The steelmen needed the miners needed the railwaymen. The steelmen needed the miners to supply coal to keep Ravenscraig operating. If the furnaces shut down, even temporarily, British Steel would have the excuse they wanted to close the whole plant. If
Ravenscraig closed then heavy industry in the west of Scotland would effectively be dead. The miners needed the railwaymen to carry the coal to Ravenscraig. The railwaymen needed the steelmen to keep Ravenscraig working or their jobs would go too.
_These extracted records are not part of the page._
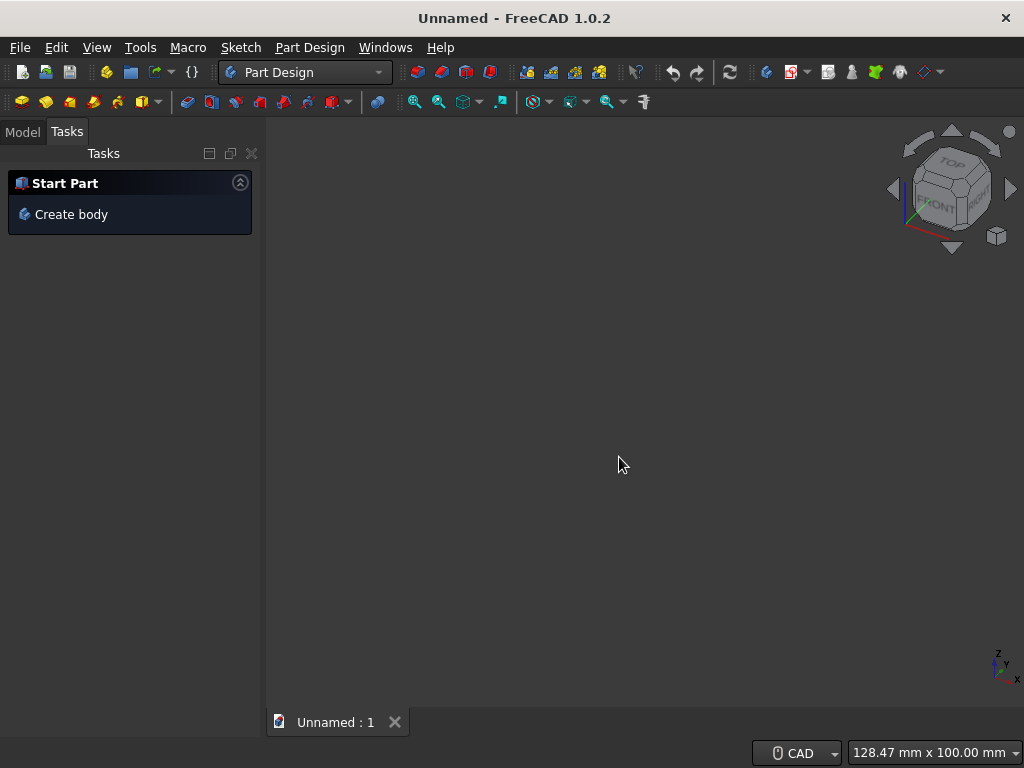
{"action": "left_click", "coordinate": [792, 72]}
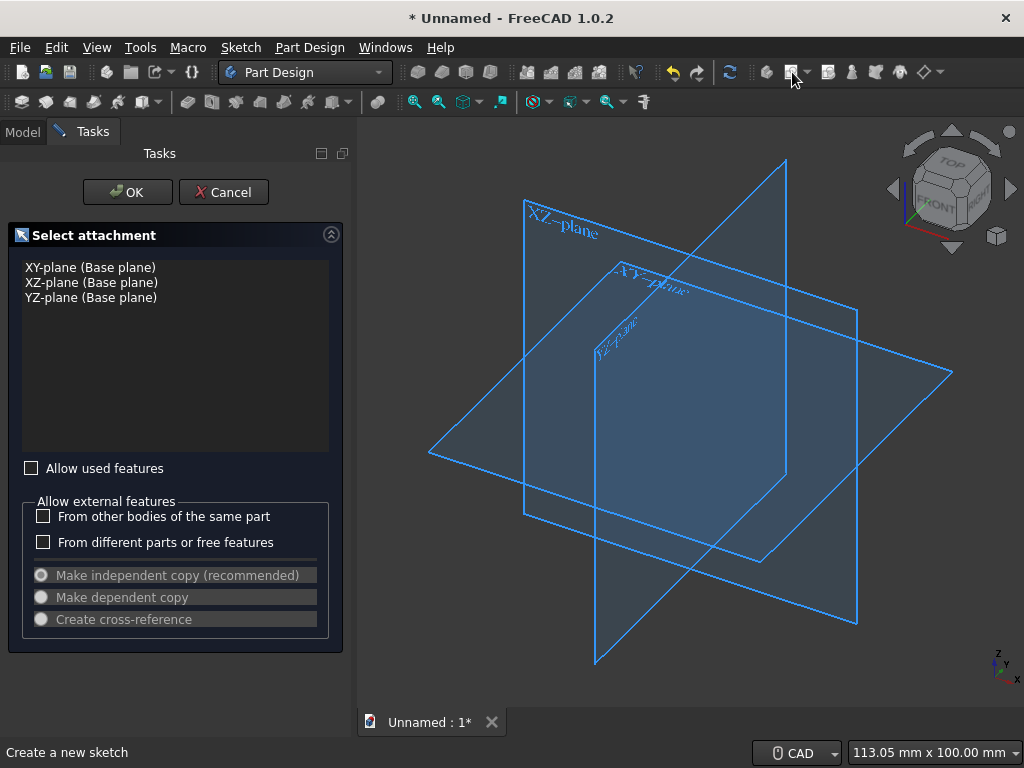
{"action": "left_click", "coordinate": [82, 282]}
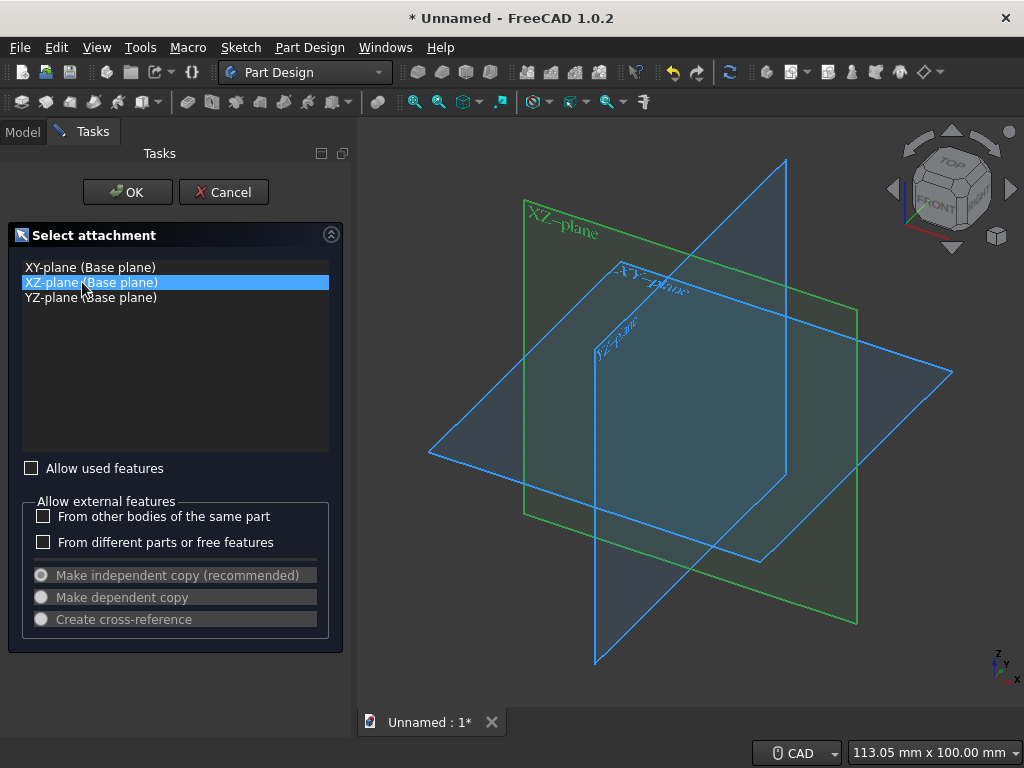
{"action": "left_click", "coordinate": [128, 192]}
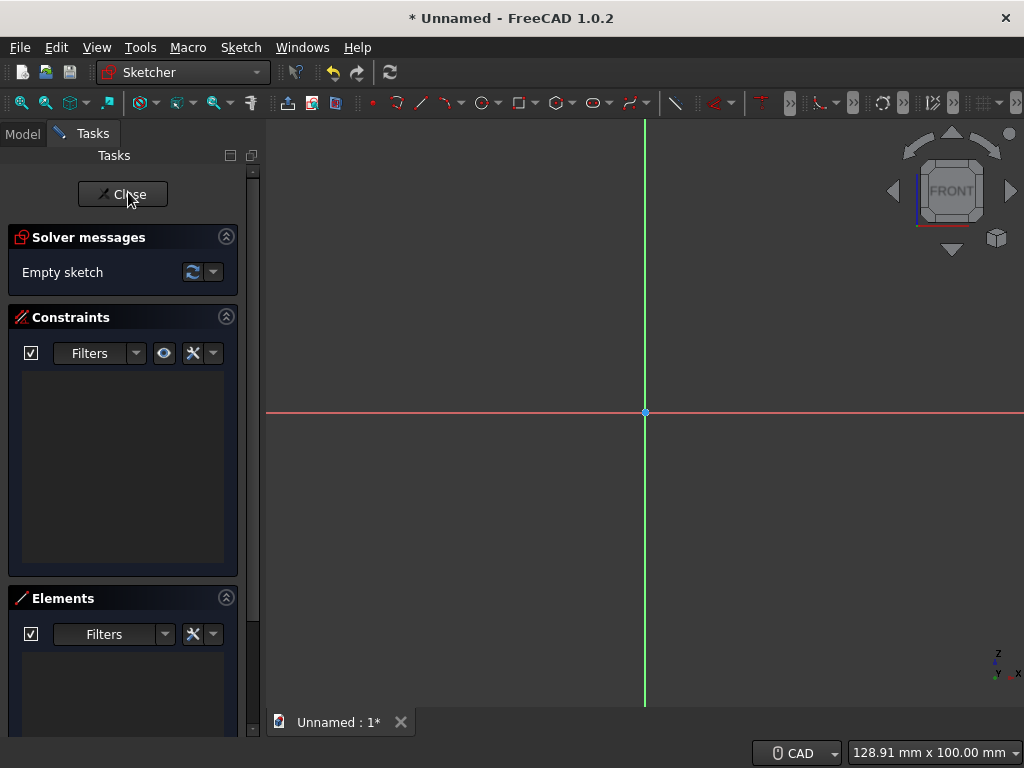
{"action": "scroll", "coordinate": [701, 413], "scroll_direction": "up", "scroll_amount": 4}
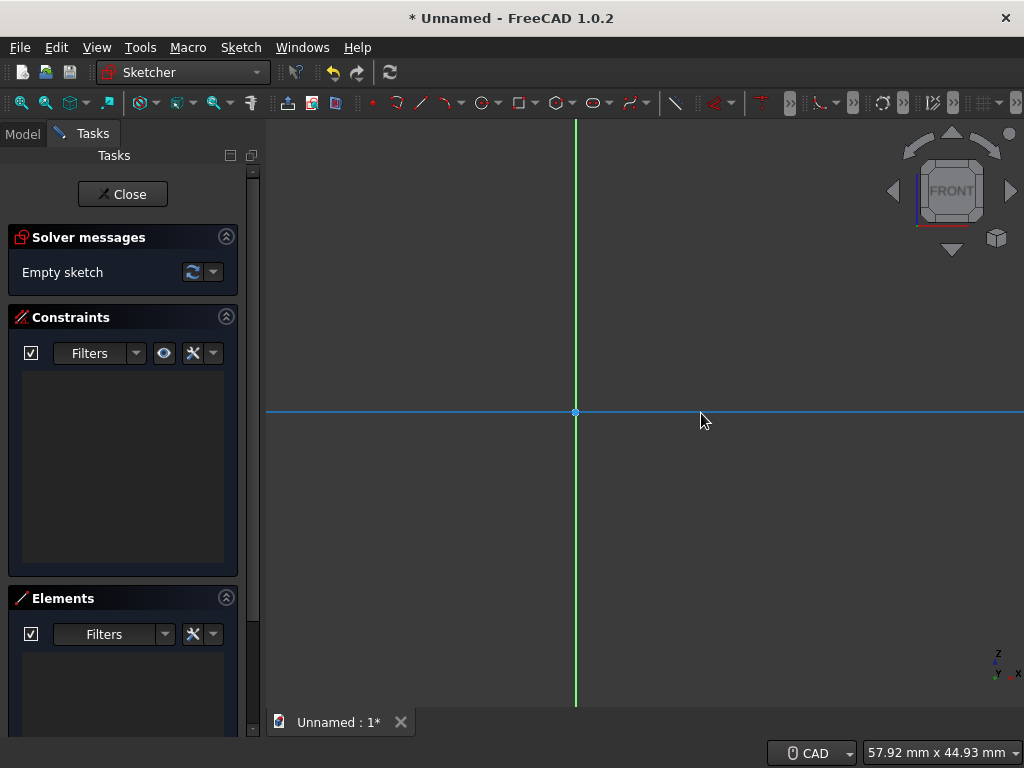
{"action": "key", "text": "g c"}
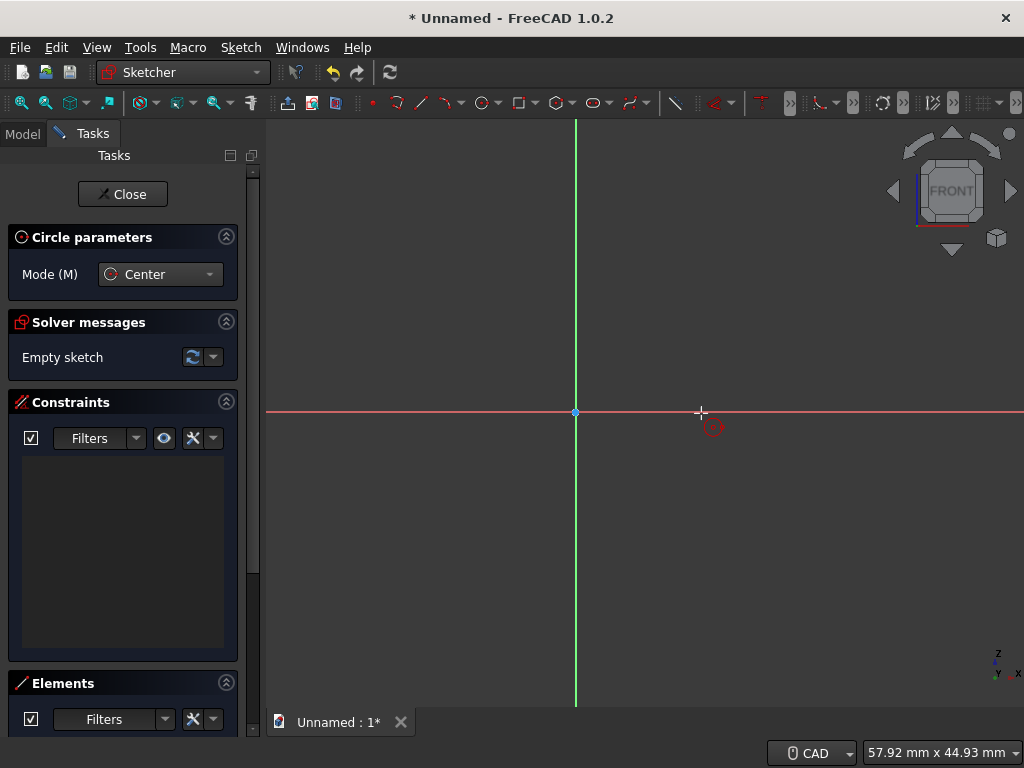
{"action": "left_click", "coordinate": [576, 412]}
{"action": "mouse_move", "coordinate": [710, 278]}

And the miners needed the steelmen because Ravenscraig was the sole customer for at least one of the few remaining Scottish pits.

Arthur Scargill wanted to bring Ravenscraig to a halt in order to win the strike, but the steelmen refused to be sacrificed on the altar of Arthur Scargill. So a deal was reached, brokered by the STUC, between the Scottish miners’ leader Mick McGahey, the steelmen and the railwaymen. Two trainloads of coal a day from the coal depot at Hunterston to Ravenscraig – theoretically enough to keep the ovens ticking over and the fabric of the plant intact, but in practice enough to go on making steel. Okay. But British Steel weren’t satisfied with the production rate, nor did they feel beholden to Scargill, McGahey or anybody else. They started adding trucks to the trains. Soon the trains had doubled in length and required two engines to pull them. The miners were furious and the railwaymen couldn’t pretend they hadn’t noticed. The deal was renegotiated: one train a day. Not enough, said British Steel. They switched to road haulage. They put the word out to haulage firms and non-union lorry drivers: £50 a trip for taking coal into Ravenscraig. Suddenly there were convoys of lorries laden with coal racing through Ayrshire and Lanarkshire from the coal depots to Motherwell. And there were mass pickets at the steel plant’s gates, trying to stop them getting in.